The key insight: The main agent speaks natural language. The specialized sub-agent handles the technical complexity.

Sub-agent

These are specialized tool calling agents whose job it is to translate a simple request into one or more tool calls, and then execute them.

There are quite a lot of modalities for the sub-agent workflow, from simple translate → call, to more complicated configurations that reflect on the tool output. However, their main quality is specializing in tool execution accuracy.

Tool Context Isolation: The sub-agent can receive a very complicated and long list of available tools with every request, which is not exposed to the main agent. This allows us to hide the extra complexity away from the calling agent while maintaining rich descriptions of our tool functions.
Enhanced Attention: Having fewer specialized tools preserves the agent's attention to the tool descriptions, allowing for greater accuracy in tool selection.

Real-World Impact

The results were dramatic:

Performance Metrics

Token overhead reduction per call: ~6,000 → 500 tokens

That's a 92% reduction in context overhead

Improved Accuracy

Better tool selection: The agent stopped confusing similar functions when there were only 4 clear choices instead of 50+ specialized and not relevant ones. With fewer options, the agent became more accurate and decisive in tool selection.

Conclusion: Simplicity Through Abstraction

The "Soft Tool" pattern demonstrates a counter-intuitive principle in AI engineering: sometimes the best way to add capabilities is to remove complexity from the interface.

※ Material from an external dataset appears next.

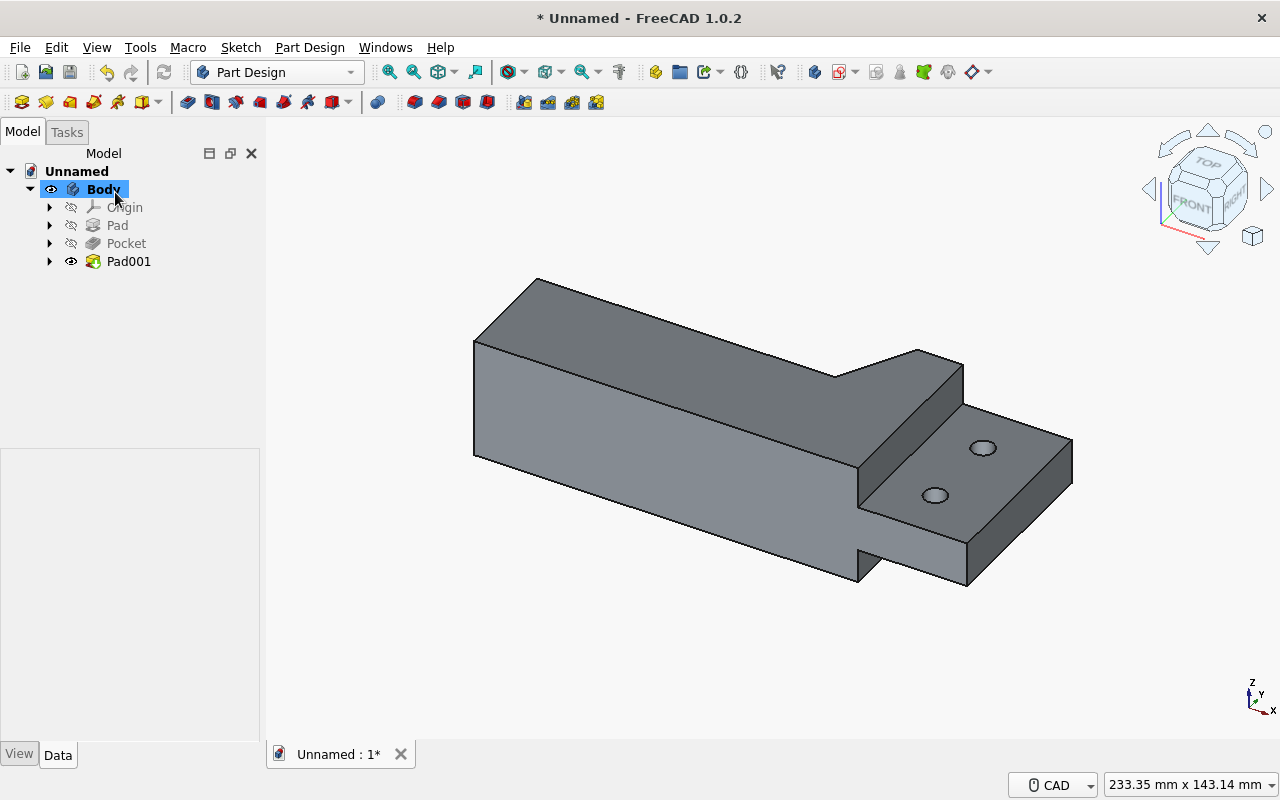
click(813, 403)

By wrapping specialized tools behind natural language sub-agents, we achieved:

92% reduction in context overhead
Faster response times
Better tool selection accuracy
A more scalable tool architecture

When to Use Soft Tools

Consider this pattern when:

You have multiple tools from the same domain (e.g., Gmail, Drive)
Tool descriptions are complex or numerous
You notice tool selection errors
Context costs are growing unsustainably

Trade-offs

Soft tools add an extra LLM call for each sub-agent invocation, but in practice, the same tool description context ends up being sent sparingly instead of with every request.